Türkiye ile Rusya nükleer' de işbirliği
Yayınlanma:
Rusya ve Türkiye arasında imzalanan birçok anlaşmanın yanında bir de nükleer işbirliği anlaşması yapıldı.
Rusya ve Türkiye arasında imzalanan birçok anlaşmanın yanında bir de nükleer işbirliği anlaşması yapıldı.
4 yıl içinde 100 milyar dolar
Başbakan Recep Tayyip Erdoğan, Türkiye ile Rusya'nın, 4 yıl içinde yüz milyar dolarlık dış ticaret hacmini yakalayacağına inandığını ifade etti.
Başbakan Recep Tayyip Erdoğan, iki günlük çalışma ziyareti amacıyla geldiği Moskova'da Rusya Başbakanı Vladimir Putin ile önce baş başa, sonra heyetler arası görüşmelerde bir araya geldi.
Baş başa görüşmede, son 7 yıl içinde iki ülke arasındaki ilişkilerin her alanda karşılıklı olarak geliştiğini belirten Erdoğan, "Askeri, ekonomik, siyasi, kültürel, her alanda ilişkiler çeşitlenmekte. Beni heyecanlandıran şey, taraflarda olumlu istikamette bir ilerleme olması" dedi.
Erdoğan'ın gelecek 4 yıl içinde iki ülke arasındaki dış ticaret hacminin yüz milyar dolarlık hedefi yakalayacağına inandığını söylemesi üzerine araya giren Putin, "5 yıl içinde" dedi. Bunun üzerine Erdoğan, 4 yılı kastederek, "Onu yapacak iradeyi taraflarda görüyoruz. Küresel kriz ekonomiyi olumsuz etkiledi, ama olumluya dönmeye başladı. İnanıyorum ki yoğun bir çalışmayla bu durumu kısa zamanda toparlarız" ifadesini kullandı.
Putin de konuşmasında, iki ülke ilişkilerinin son yıllarda giderek geliştiğini belirterek, "Maalesef küresel ekonomik kriz karşılıklı ekonomik ilişkilerimizi olumsuz etkiledi" dedi.
Türkiye ile Rusya arasındaki ticaret hacminin önceki yıl 35 milyar dolara ulaştığına dikkat çeken Putin, "Son dönemde bu oran yüzde 40 oranında düştü. Ancak Türkiye hala Rusya Federasyonu'nun önemli ticaret ortaklarından biri. İki ülke arasında enerji alanında önemli işbirliği var" diye konuştu.
Moskova Devlet Üniversitesi'nde konferans'a katıldı
Başbakan Recep Tayyip Erdoğan, Moskova Devlet Üniversitesi Uluslararası İlişkiler Enstitüsü'nde 'Türk Dış Politikası' konulu konferans verdi.

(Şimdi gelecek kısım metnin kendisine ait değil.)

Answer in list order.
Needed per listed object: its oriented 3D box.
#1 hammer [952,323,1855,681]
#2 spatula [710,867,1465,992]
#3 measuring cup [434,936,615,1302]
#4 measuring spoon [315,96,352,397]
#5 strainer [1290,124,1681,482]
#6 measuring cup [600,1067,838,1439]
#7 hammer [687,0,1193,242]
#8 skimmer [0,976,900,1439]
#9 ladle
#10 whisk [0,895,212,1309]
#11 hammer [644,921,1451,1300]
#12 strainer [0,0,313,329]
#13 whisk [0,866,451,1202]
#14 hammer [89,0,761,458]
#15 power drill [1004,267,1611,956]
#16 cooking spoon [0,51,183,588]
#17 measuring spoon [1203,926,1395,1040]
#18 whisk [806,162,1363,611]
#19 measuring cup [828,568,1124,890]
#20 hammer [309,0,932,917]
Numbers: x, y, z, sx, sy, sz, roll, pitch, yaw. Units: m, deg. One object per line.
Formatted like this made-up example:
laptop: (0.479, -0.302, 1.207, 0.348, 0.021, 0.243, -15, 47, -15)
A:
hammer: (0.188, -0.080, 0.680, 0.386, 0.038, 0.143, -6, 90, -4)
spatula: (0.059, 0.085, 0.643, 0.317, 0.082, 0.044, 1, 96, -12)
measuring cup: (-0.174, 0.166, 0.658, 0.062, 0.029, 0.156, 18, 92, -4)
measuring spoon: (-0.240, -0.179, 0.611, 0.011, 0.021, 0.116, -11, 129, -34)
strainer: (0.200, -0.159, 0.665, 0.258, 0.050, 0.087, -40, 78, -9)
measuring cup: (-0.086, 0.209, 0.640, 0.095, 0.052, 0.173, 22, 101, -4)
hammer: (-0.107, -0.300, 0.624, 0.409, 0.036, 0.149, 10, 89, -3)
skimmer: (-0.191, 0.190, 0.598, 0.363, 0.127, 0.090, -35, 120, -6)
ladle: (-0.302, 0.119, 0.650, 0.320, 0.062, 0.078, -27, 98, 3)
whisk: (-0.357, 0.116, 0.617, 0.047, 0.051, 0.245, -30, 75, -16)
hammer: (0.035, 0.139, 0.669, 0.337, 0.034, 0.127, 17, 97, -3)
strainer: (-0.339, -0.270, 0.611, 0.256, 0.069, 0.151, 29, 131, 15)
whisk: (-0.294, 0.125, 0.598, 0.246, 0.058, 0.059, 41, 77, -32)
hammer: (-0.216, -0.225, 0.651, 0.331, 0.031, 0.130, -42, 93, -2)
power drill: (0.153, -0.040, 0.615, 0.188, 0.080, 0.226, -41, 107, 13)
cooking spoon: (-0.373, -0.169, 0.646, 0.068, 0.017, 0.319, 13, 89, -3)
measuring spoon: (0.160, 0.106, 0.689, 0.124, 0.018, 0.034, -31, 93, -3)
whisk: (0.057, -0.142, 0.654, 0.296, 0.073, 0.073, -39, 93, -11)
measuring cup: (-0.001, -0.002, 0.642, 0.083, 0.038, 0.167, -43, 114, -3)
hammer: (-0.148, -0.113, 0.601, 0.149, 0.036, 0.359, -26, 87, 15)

Erdoğan, konuşmasında Türkiye'nin Avrupa Birliği (AB) üyeliğinin stratejik bir hedef olduğunu ifade etti. AB ile tam üyelik yoluyla bütünleşme iradesinin milletin her alanda kendisi için en yüksek standartlara kavuşma arzusunun ifadesi haline geldiğini vurgulayan Erdoğan, şunları söyledi:
'Türkiye'nin AB'ye tam üyeliği, gerek Avrupa gerek Türkiye için, özellikle bölgemiz için köşe taşı niteliğinde bir projedir. Bu itibarla AB'ye tam üyelik hedefine doğru kararlılıkla ilerliyoruz. Bu yoldan dönüşümüz söz konusu olmadığı gibi tam üyelik dışında bir seçenek de gündemimizde asla yok.
Dış politikamızın öncelikli konularından biri Kıbrıs'tır. Bu anlayış doğrultusunda 2010 yılını bizler bir çözüm yılı olarak düşünüyoruz. Ve bunu çözüme dönüştürebilmek için de her zamankinden daha yoğun bir çaba harcamamız gerektiğine inanıyoruz.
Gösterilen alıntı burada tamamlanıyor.